== Exercise data ==

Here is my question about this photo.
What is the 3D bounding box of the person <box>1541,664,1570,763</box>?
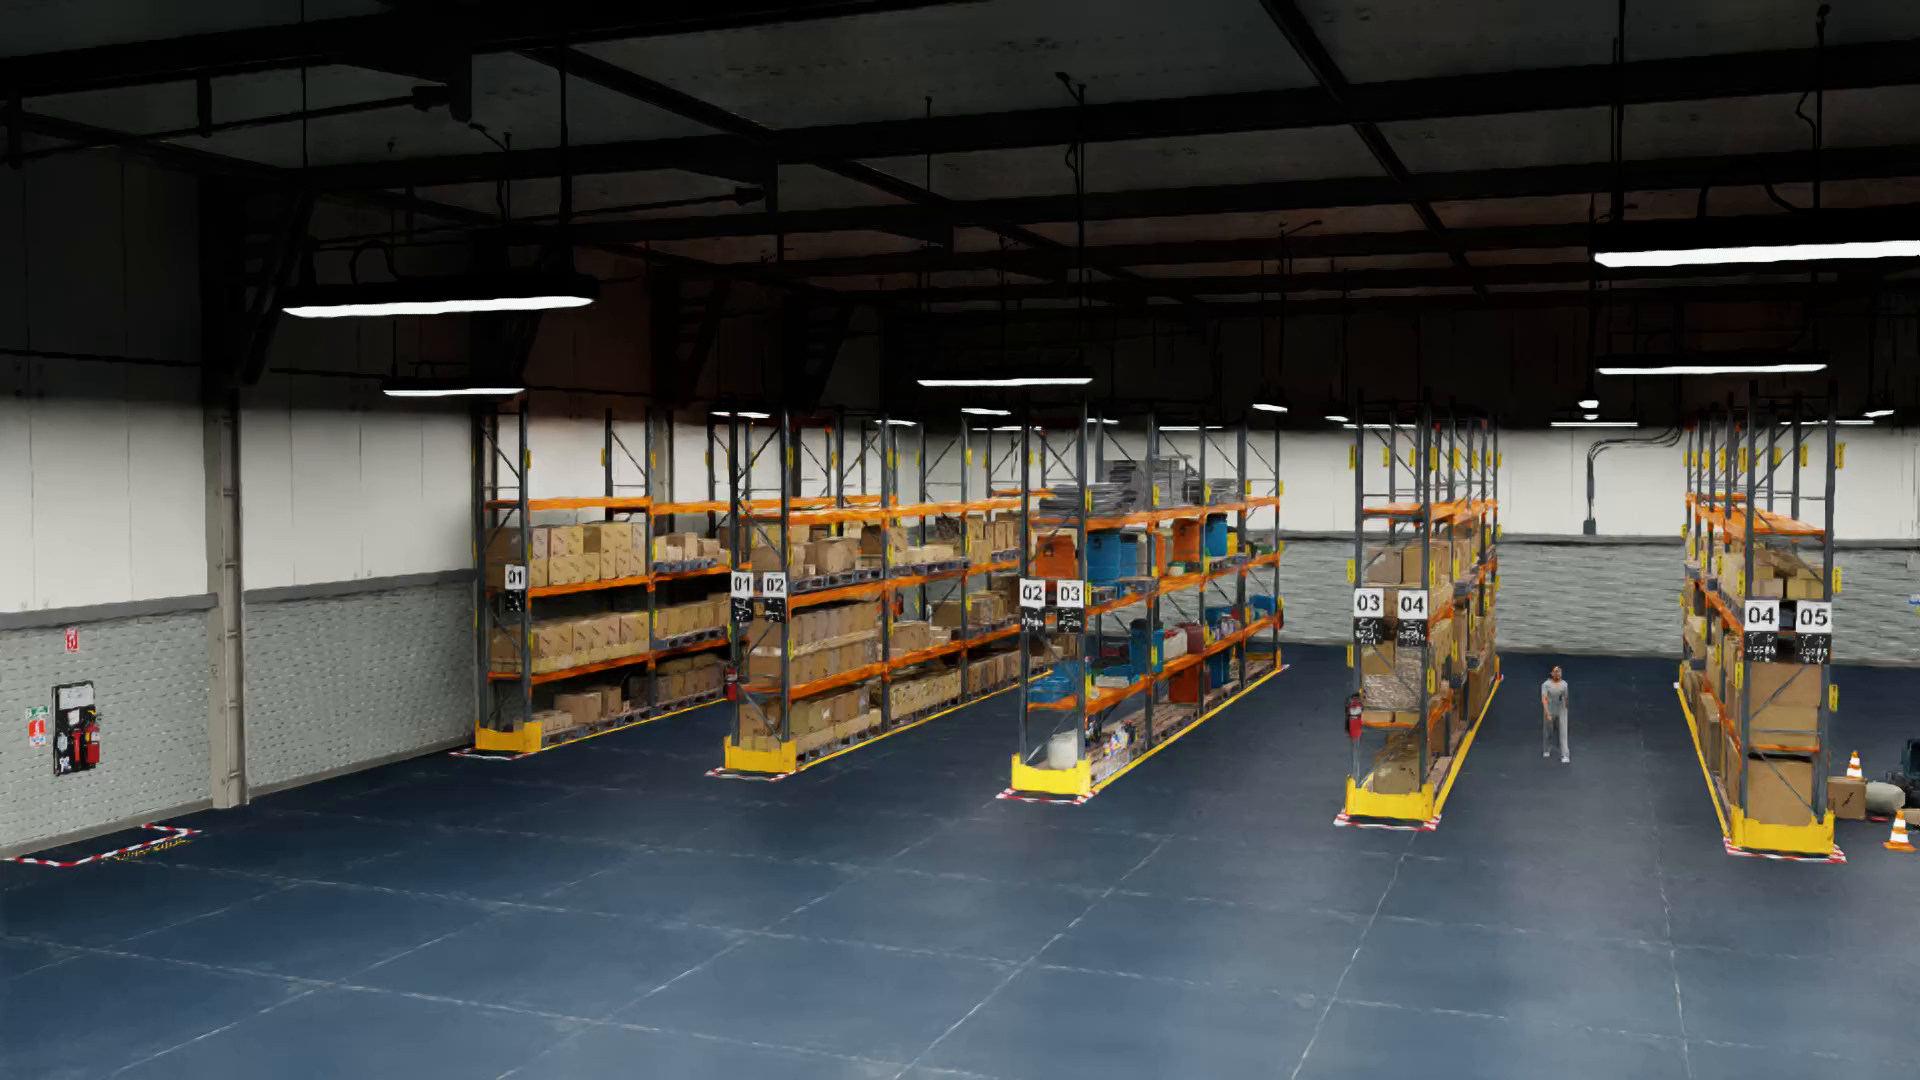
[{"bbox_3d":[9.836,2.846,27.501,0.444,1.604,1.016,1,3,13],"label":"person"}]

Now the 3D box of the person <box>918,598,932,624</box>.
[{"bbox_3d":[-0.855,2.181,42.003,0.432,1.539,0.947,1,3,20],"label":"person"}]

===

> [What you are asked to do] Word for word, repeat each record above; leave out every picture.

> [Expected output]
Here is my question about this photo.
What is the 3D bounding box of the person <box>1541,664,1570,763</box>?
[{"bbox_3d":[9.836,2.846,27.501,0.444,1.604,1.016,1,3,13],"label":"person"}]

Now the 3D box of the person <box>918,598,932,624</box>.
[{"bbox_3d":[-0.855,2.181,42.003,0.432,1.539,0.947,1,3,20],"label":"person"}]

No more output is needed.